Advisories ยป MGASA-2016-0359

Updated java-1.8.0-openjdk packages fix security vulnerability

Publication date: 25 Oct 2016
Modification date: 25 Oct 2016
Type: security
Affected Mageia releases : 5
CVE: CVE-2016-5542 , CVE-2016-5554 , CVE-2016-5573 , CVE-2016-5582 , CVE-2016-5597

Description

It was discovered that the Hotspot component of OpenJDK did not properly
check arguments of the System.arraycopy() function in certain cases. An
untrusted Java application or applet could use this flaw to corrupt
virtual machine's memory and completely bypass Java sandbox restrictions
(CVE-2016-5582).

It was discovered that the Hotspot component of OpenJDK did not properly
check received Java Debug Wire Protocol (JDWP) packets. An attacker could
possibly use this flaw to send debugging commands to a Java program
running with debugging enabled if they could make victim's browser send
HTTP requests to the JDWP port of the debugged application
(CVE-2016-5573).

It was discovered that the Libraries component of OpenJDK did not restrict
the set of algorithms used for Jar integrity verification. This flaw could
allow an attacker to modify content of the Jar file that used weak signing
key or hash algorithm (CVE-2016-5542).

Note: After this update, MD2 hash algorithm and RSA keys with less than
1024 bits are no longer allowed to be used for Jar integrity verification
by default. MD5 hash algorithm is expected to be disabled by default in
the future updates. A newly introduced security property
jdk.jar.disabledAlgorithms can be used to control the set of disabled
algorithms.

A flaw was found in the way the JMX component of OpenJDK handled
classloaders. An untrusted Java application or applet could use this flaw
to bypass certain Java sandbox restrictions (CVE-2016-5554).

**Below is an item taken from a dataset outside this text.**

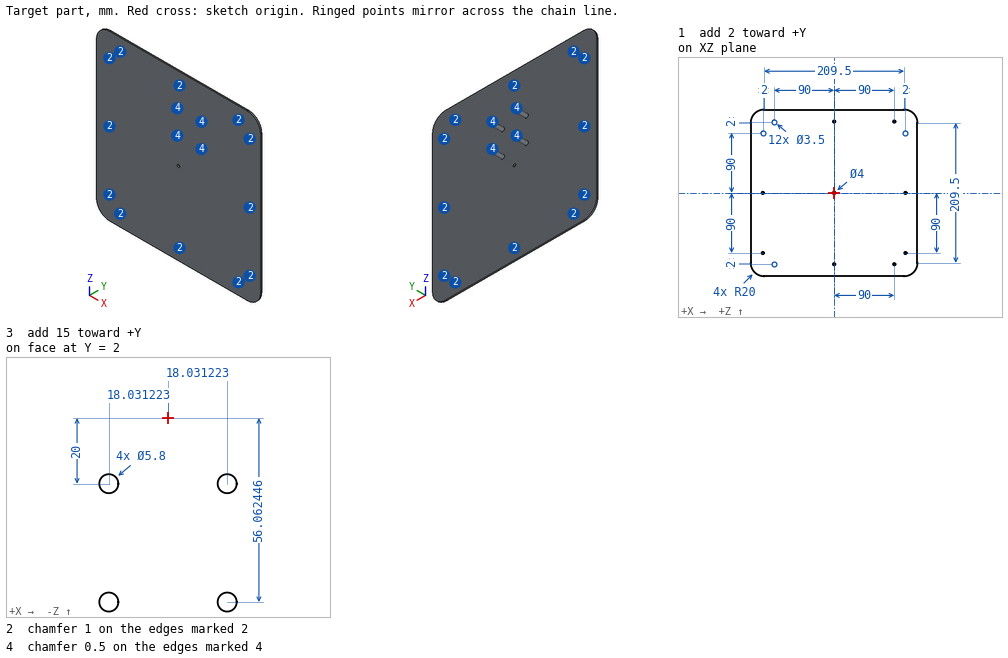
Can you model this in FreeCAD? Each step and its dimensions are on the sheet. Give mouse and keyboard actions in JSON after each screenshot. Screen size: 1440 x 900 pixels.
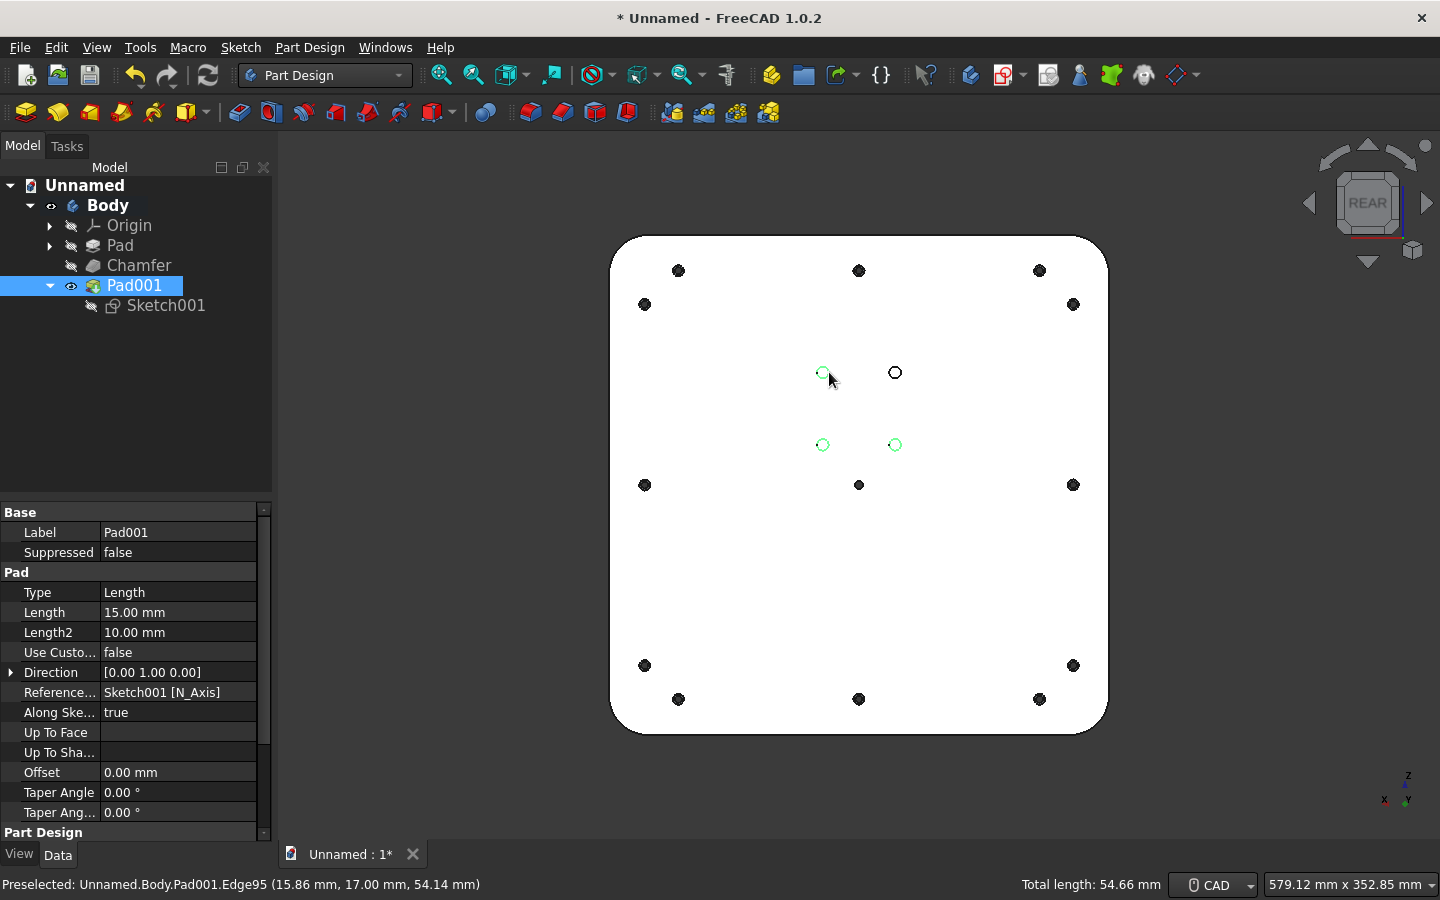
{"action": "left_click", "coordinate": [901, 372], "text": "ctrl"}
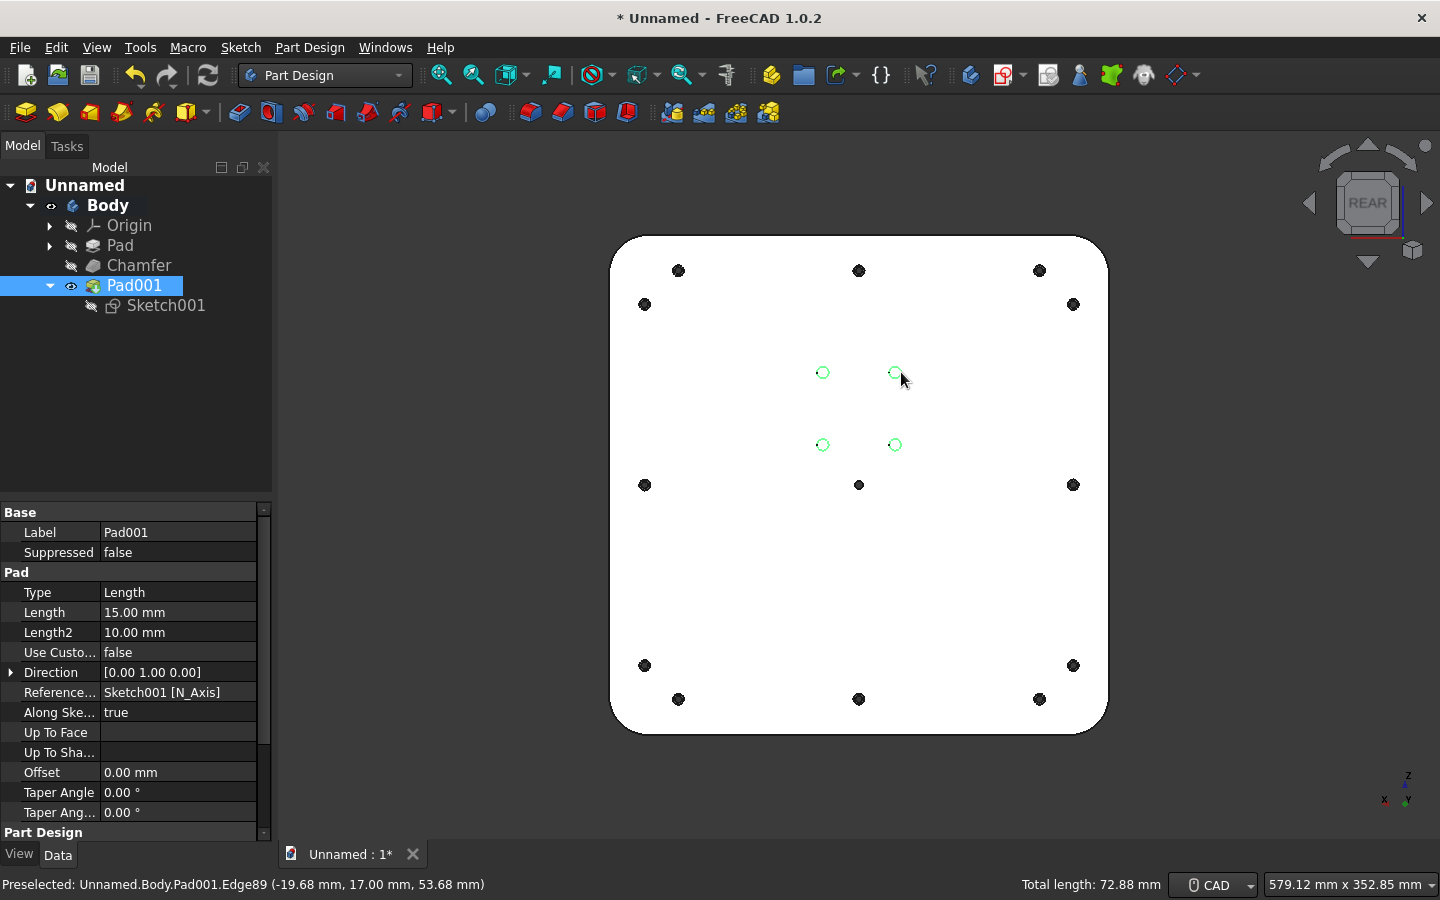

A flaw was found in the way the Networking component of OpenJDK handled
HTTP proxy authentication. A Java application could possibly expose HTTPS
server authentication credentials via a plain text network connection to
an HTTP proxy if proxy asked for authentication (CVE-2016-5597).

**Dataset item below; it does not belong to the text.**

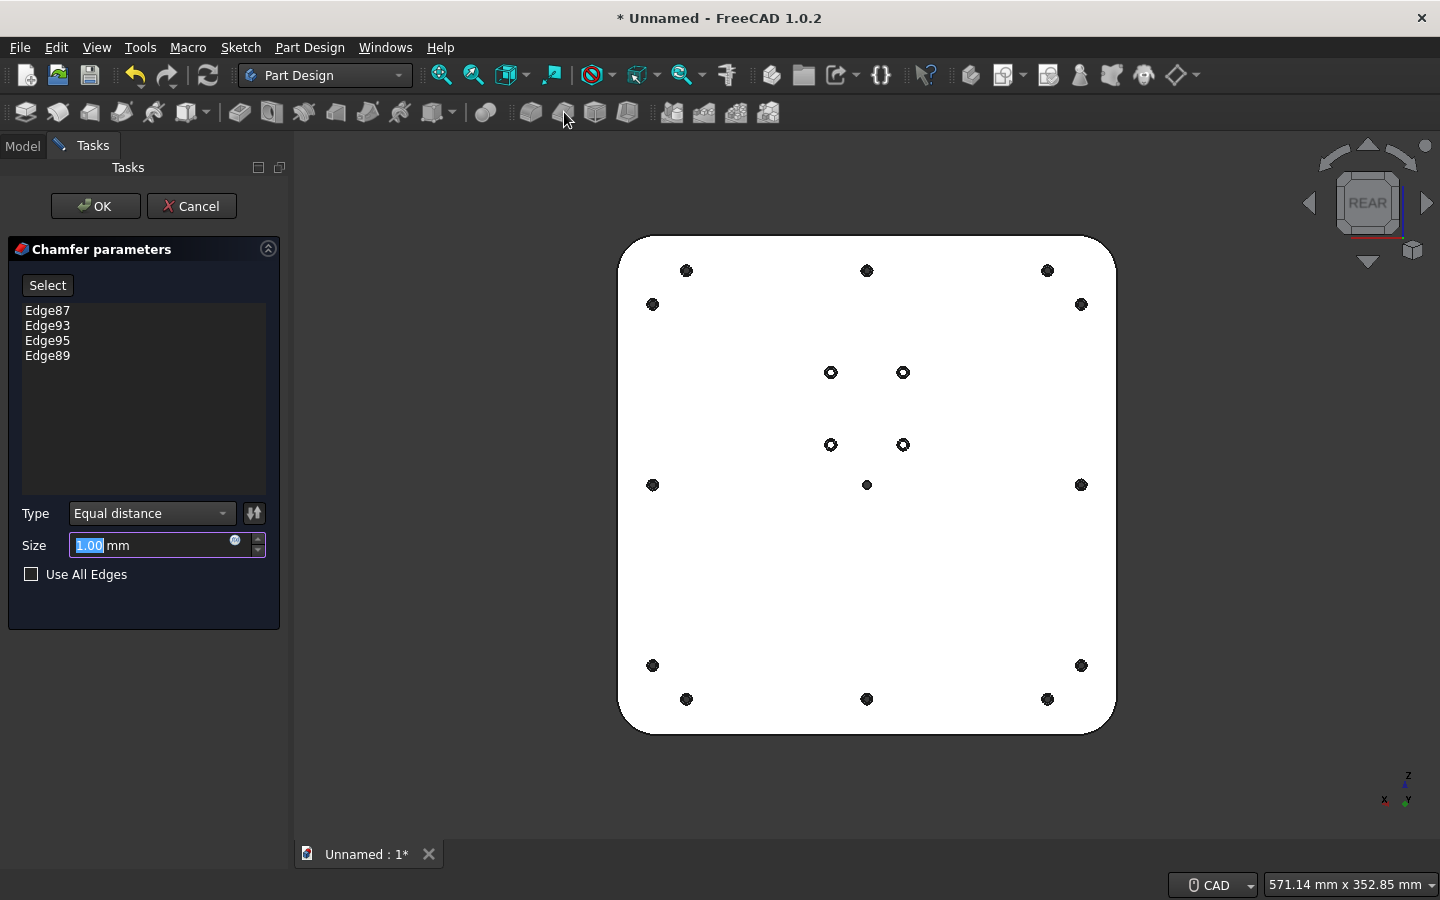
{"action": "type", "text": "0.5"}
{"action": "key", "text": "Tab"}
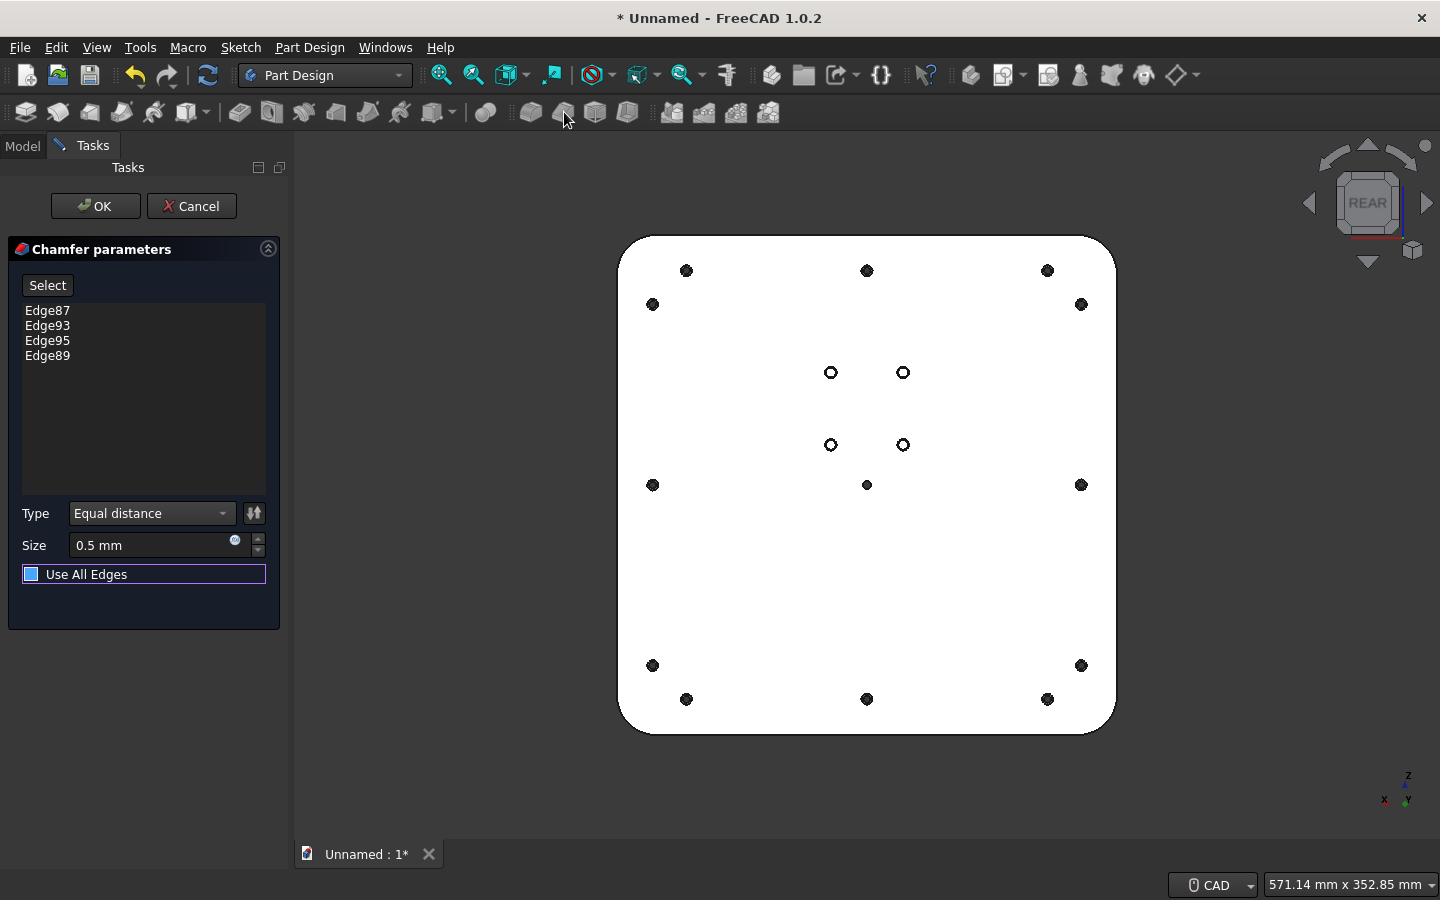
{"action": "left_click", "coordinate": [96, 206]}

Note: After this update, Basic HTTP proxy authentication can no longer be
used when tunneling HTTPS connection through an HTTP proxy. Newly
introduced system properties jdk.http.auth.proxying.disabledSchemes and
jdk.http.auth.tunneling.disabledSchemes can be used to control which
authentication schemes can be requested by an HTTP proxy when proxying
HTTP and HTTPS connections respectively.